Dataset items
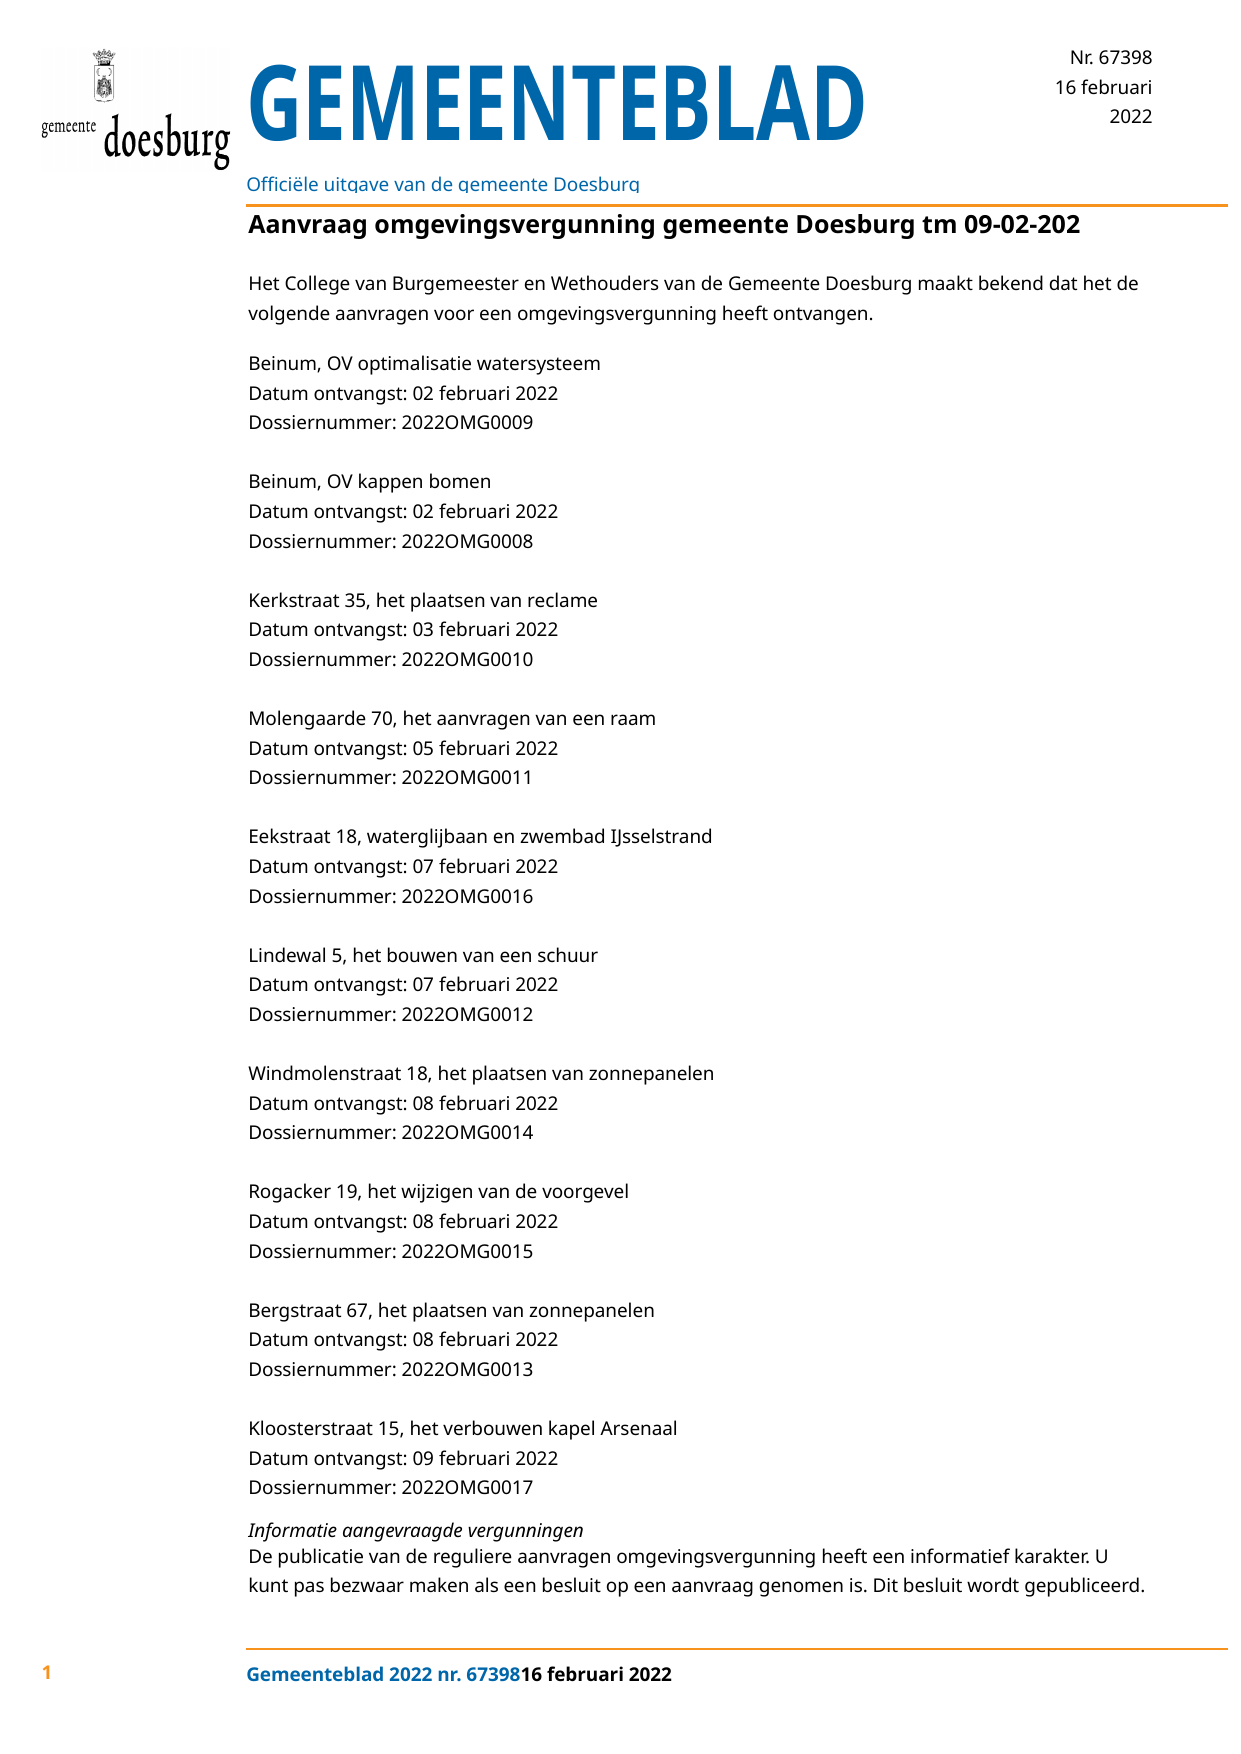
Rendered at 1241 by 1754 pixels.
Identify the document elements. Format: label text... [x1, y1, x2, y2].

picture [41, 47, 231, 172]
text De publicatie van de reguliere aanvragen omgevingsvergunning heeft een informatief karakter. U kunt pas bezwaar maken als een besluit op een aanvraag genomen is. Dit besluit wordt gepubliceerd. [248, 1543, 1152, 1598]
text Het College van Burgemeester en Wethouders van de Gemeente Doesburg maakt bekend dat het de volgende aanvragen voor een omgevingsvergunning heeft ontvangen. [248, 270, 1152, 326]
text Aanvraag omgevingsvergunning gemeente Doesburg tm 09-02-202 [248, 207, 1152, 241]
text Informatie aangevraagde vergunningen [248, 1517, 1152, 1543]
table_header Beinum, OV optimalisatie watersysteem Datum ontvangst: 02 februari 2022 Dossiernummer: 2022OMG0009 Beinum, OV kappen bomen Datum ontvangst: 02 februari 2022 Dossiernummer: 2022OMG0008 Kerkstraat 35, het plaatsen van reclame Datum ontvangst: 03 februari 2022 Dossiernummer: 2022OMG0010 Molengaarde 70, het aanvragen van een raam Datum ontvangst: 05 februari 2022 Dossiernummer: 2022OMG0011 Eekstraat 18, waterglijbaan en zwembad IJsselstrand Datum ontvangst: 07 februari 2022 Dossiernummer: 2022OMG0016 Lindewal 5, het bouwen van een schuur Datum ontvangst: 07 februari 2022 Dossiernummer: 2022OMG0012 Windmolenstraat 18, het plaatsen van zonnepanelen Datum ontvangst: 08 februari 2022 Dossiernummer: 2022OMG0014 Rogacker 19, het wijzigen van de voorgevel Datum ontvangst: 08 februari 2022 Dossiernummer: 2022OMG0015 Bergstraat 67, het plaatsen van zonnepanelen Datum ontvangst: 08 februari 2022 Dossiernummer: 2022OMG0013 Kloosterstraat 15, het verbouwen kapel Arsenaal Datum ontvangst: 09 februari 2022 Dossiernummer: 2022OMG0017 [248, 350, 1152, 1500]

• What you need to do:
Using the records above, report each line that contains the word "heeft" by copying it.

• Response to the task:
text De publicatie van de reguliere aanvragen omgevingsvergunning heeft een informatief karakter. U kunt pas bezwaar maken als een besluit op een aanvraag genomen is. Dit besluit wordt gepubliceerd. [248, 1543, 1152, 1598]
text Het College van Burgemeester en Wethouders van de Gemeente Doesburg maakt bekend dat het de volgende aanvragen voor een omgevingsvergunning heeft ontvangen. [248, 270, 1152, 326]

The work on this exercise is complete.